Is there a contiguously stored hash map data structure?

Question

Think of collections of different types like Position, Color, Name. Instances of those can be connected by using the same key in the collection. Keys are global unique identifiers of 64 bit length. Currently, I use a hash map but this is not ideal.

// custom types
struct Position { float x, y, z; bool static; };
enum Color { RED, BLUE, GREEN };

// collections
std::unordered_map<uint64_t, Position> positions;
std::unordered_map<uint64_t, Color> colors;
std::unordered_map<uint64_t, std::string> names;

// add some data
// ...

// only access positions collection,
// so the key is not needed here
for (auto i = positions.begin(); i != positions.end(); ++i) {
    if (i->second.static) continue;
    i->second.x = (rand() % 1000) / 1000.f;
    i->second.y = (rand() % 1000) / 1000.f;
    i->second.z = (rand() % 1000) / 1000.f;
}

// access to all three collections,
// so we need the key here
for (auto i = positions.begin(); i != positions.end(); ++i) {
    uint64_t id   = *i->first;
    auto position = i->second;
    auto color    = colors.find(id);
    auto name     = names.find(id);
    if (color == colors.end() || name == names.end()) continue;
    draw(*name, *position, *color);
}

I try to separate the collections, but as you can see, it also happens that collected instances of multiple collections are needed at the same time. Of course, I also need to add or delete single elements from time to time, but these cases are not performance critical.
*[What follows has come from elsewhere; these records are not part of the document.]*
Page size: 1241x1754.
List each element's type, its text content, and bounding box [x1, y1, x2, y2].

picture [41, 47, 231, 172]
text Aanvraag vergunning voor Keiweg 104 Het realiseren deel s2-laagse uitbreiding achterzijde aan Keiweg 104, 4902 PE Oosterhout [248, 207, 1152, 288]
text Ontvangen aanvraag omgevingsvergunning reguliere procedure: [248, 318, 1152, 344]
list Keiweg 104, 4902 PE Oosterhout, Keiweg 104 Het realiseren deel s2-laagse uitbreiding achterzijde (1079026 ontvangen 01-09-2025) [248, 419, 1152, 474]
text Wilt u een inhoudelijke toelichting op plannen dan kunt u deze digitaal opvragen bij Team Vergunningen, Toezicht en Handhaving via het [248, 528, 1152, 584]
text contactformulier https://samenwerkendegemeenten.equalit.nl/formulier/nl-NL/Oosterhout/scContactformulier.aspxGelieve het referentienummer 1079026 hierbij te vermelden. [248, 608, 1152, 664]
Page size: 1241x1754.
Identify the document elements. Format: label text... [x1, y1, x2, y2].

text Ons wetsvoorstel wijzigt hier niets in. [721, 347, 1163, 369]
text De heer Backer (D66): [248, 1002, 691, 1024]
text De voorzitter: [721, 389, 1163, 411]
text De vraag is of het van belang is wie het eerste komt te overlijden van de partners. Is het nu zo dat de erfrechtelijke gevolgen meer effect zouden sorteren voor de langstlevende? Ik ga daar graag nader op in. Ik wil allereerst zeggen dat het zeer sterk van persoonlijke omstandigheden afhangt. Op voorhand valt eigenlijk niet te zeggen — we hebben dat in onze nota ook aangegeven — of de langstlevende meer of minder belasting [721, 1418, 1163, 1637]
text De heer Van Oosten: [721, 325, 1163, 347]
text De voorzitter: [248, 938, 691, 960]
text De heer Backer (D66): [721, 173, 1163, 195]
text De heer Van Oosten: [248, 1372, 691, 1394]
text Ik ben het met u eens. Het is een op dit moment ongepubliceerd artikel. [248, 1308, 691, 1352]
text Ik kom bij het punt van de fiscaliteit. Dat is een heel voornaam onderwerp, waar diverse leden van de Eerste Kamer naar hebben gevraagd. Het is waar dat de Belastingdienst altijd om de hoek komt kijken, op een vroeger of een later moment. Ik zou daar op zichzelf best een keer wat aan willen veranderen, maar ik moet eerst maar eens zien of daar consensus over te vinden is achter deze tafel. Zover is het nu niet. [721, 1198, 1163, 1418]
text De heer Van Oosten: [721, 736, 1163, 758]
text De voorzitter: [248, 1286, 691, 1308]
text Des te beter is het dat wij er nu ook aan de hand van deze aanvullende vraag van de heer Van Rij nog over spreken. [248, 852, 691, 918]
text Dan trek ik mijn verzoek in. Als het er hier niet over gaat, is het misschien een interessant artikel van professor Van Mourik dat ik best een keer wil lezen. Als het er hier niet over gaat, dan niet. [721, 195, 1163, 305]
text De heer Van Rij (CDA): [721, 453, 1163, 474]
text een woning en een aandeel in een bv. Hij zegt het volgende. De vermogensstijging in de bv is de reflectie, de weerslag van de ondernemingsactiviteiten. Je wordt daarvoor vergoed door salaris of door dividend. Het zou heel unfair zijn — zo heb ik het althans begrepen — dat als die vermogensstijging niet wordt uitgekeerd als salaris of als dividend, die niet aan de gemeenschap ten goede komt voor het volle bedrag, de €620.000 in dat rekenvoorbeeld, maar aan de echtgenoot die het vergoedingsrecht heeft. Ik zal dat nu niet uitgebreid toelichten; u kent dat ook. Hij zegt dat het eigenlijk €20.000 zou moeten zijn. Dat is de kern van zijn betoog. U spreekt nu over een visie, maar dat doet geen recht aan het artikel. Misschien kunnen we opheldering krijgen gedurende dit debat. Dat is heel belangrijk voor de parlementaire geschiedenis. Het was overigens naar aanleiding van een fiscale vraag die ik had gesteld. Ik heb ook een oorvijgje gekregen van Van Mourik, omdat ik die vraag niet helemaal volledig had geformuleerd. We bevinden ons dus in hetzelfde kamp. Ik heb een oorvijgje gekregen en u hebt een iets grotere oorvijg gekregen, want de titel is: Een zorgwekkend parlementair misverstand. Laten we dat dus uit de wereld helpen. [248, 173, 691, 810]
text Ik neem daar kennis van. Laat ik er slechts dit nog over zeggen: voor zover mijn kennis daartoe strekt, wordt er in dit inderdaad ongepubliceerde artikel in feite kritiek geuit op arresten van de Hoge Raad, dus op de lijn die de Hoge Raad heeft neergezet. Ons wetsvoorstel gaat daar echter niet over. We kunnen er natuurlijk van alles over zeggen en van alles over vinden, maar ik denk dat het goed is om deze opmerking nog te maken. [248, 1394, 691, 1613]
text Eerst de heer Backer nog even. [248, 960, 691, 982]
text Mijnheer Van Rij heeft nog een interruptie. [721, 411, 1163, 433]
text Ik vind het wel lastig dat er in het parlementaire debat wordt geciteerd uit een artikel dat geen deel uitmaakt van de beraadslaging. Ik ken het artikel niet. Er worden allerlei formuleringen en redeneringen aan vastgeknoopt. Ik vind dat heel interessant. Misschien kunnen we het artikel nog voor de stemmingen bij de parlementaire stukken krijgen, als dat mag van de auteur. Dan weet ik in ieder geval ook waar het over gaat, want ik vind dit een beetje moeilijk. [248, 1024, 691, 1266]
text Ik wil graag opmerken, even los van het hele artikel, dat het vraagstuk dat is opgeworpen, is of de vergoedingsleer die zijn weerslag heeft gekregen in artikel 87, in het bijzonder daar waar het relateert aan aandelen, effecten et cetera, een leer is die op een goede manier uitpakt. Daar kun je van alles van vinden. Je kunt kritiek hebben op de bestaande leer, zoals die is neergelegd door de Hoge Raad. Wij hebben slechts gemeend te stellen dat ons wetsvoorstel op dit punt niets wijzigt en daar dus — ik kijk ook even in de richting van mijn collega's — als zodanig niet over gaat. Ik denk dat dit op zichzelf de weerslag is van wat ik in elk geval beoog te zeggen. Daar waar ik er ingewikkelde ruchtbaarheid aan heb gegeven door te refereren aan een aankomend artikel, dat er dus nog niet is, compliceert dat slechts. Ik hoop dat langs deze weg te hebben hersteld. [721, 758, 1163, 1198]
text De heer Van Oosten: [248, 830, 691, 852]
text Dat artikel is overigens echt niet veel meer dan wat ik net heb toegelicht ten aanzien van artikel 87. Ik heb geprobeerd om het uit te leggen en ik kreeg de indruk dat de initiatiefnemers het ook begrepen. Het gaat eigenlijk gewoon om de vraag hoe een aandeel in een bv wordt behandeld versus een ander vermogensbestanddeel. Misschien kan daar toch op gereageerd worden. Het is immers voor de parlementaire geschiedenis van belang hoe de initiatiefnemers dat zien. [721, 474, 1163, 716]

Now I'd like to optimize iterating over individual collections. Therefore, I try to get the collections contiguously stored, which is part of the idea of data oriented design. However, I still need to access individual instances very quickly. Directly using an array doesn't work since that would allocate way too much memory and not all instances of one type have counterparts of another type. On the other hand hash maps are not optimal for iteration.

I think the data structure have to internally use an array. Which data type should I use here? And is there such a data structure implemented in the C++ standard library?

Answer 1

Create an unordered_map to offsets into a std::vector.
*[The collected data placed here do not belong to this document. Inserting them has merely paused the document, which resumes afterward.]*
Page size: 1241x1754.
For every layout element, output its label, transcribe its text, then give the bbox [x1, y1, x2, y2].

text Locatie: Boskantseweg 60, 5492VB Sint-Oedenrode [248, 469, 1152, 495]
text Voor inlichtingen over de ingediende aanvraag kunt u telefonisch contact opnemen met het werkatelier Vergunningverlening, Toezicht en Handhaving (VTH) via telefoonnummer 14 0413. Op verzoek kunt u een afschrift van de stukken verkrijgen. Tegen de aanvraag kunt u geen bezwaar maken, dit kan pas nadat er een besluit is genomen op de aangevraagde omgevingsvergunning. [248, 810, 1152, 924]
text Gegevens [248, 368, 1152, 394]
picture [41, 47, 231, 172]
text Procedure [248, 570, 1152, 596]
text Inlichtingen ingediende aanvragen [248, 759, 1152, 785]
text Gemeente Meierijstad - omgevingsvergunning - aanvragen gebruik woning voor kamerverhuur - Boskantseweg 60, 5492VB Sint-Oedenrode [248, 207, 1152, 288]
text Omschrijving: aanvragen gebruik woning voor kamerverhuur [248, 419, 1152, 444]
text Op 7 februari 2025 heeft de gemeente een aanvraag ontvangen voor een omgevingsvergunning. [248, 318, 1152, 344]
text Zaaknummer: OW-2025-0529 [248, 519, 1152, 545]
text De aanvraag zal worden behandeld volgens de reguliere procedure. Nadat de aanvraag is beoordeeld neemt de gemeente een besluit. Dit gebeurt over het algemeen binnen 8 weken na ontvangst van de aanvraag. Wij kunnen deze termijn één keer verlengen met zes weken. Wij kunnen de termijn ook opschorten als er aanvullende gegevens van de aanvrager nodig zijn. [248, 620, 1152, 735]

Store your elements in the std::vector. When you want to remove an element, swap it with the last element of the std::vector, and delete the last element. Go through the unordered_maps that store indexes into your std::vector and repair those that pointed to the last element to point to where the last element now is.

Removing an element is now O(n). If you remove a bunch of elements at once, you can do all of them in one O(n) pass with a little creativity.

Adding an element remains O(1).

Iterating over all of the elements involves iterating over the std::vector. If you need the hash value while iterating, store it redundantly there, or calculate it on the fly.

Wrap the std::vector and std::unordered_map behind a type that enforces the above rules, as otherwise the invariants will never persist, that exposes a map-like interface externally.

As an alternative to O(n) removal, create a parallel std::vector storing std::unordered_map<???>::iterators. Keep careful track of when a rehash occurs in the std::unordered_map (rehashing is deterministic, but you have to work out when it happens yourself), and when it does rebuild it (as all of the iterators will be invalidated by a rehash). Rehashes occur rarely, so this has an amortized constant cost¹. When you want to erase, you can now update the index in the unordered_map in O(1) time (remember to update the second std::vector as well -- swapping position from last to the deleted element). You could store this in the same std::vector as the raw data, but that would bulk it up (which will slow down iteration).

---

¹ Rehashes happen when the container passes reaches max_load_factor()*bucket_count() size. The bucket_count then grows exponentially, and the elements are moved around. Much like a std::vector's growth algorithm, this guarantees a linear-in-number-of-elements total elements moved -- so it maintains amortized constant insertion. The manual rebuild of your reverse table is no more expensive than the moving of all of the existing elements, so it also contributes an amortized constant insertion time factor.